Work to be completed:
Go to the line holding "Numbers: x, y, z, sx, sy, sz, roll, pitch, yaw." in the data below. Return it and each line after it through the last, exactly, and skip the pictures.

===== Extracted records

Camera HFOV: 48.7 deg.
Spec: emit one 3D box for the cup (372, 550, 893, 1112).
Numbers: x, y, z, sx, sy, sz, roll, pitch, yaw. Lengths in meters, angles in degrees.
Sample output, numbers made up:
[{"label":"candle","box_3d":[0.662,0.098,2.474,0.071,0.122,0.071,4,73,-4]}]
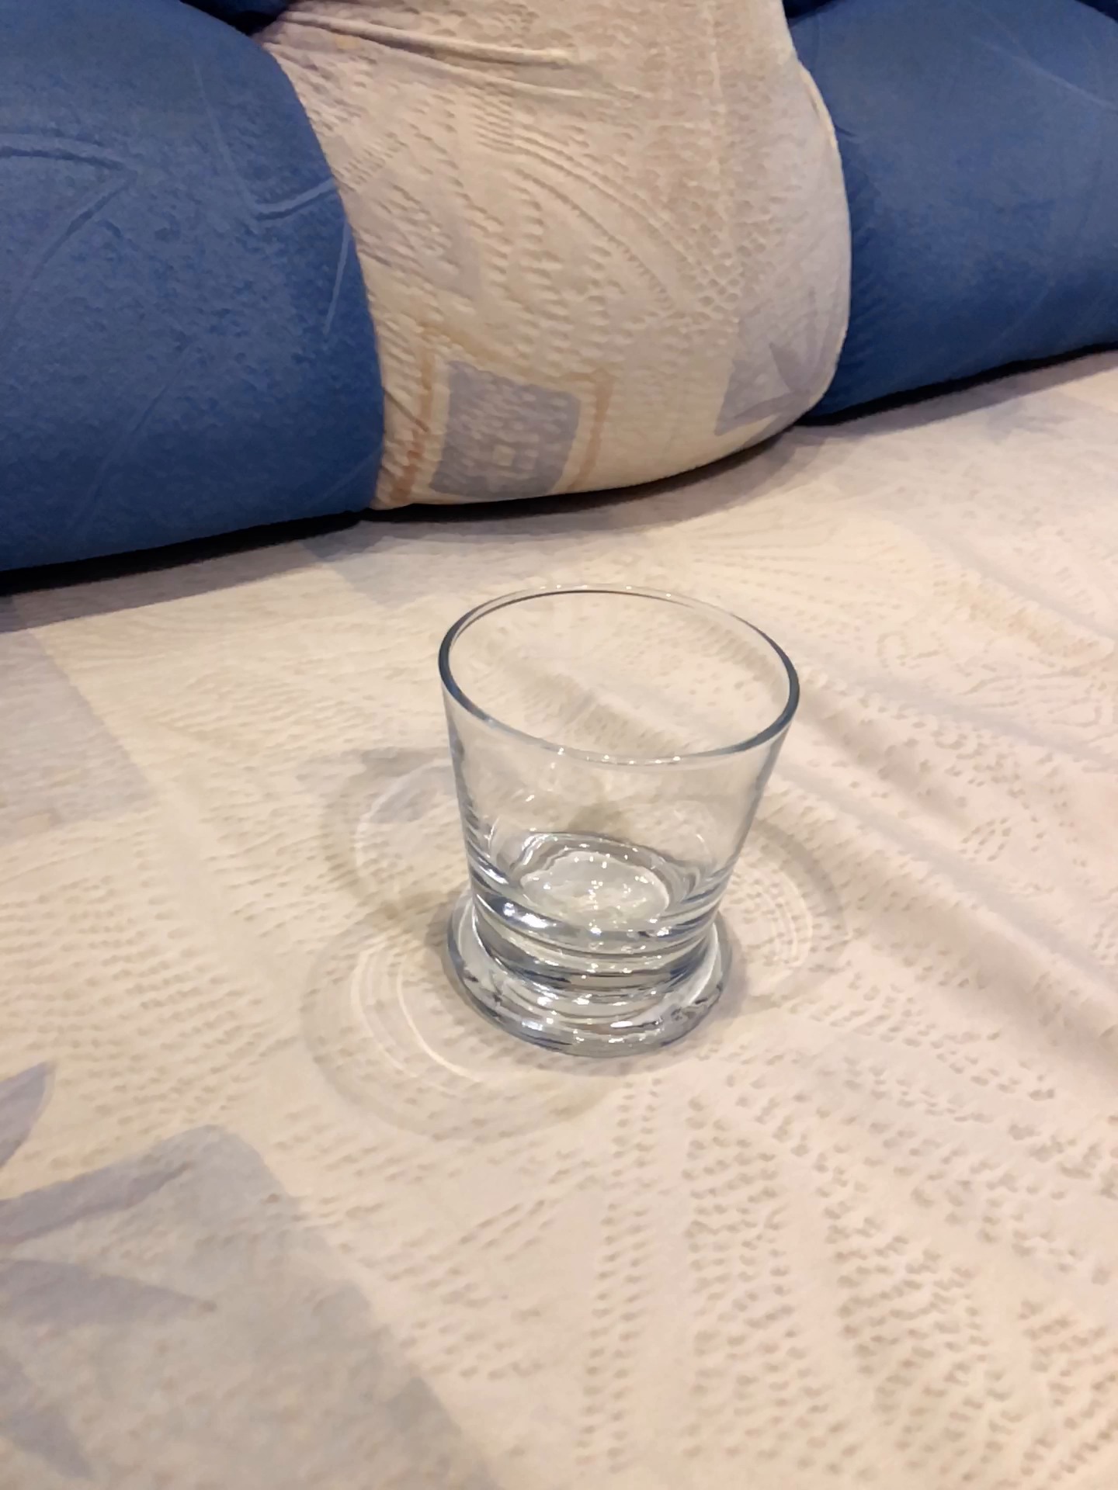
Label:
[{"label":"cup","box_3d":[0.011,0.015,0.298,0.085,0.083,0.087,2,33,-2]}]

==========

Answer to the exercise:
Numbers: x, y, z, sx, sy, sz, roll, pitch, yaw. Lengths in meters, angles in degrees.
Sample output, numbers made up:
[{"label":"candle","box_3d":[0.662,0.098,2.474,0.071,0.122,0.071,4,73,-4]}]
Label:
[{"label":"cup","box_3d":[0.011,0.015,0.298,0.085,0.083,0.087,2,33,-2]}]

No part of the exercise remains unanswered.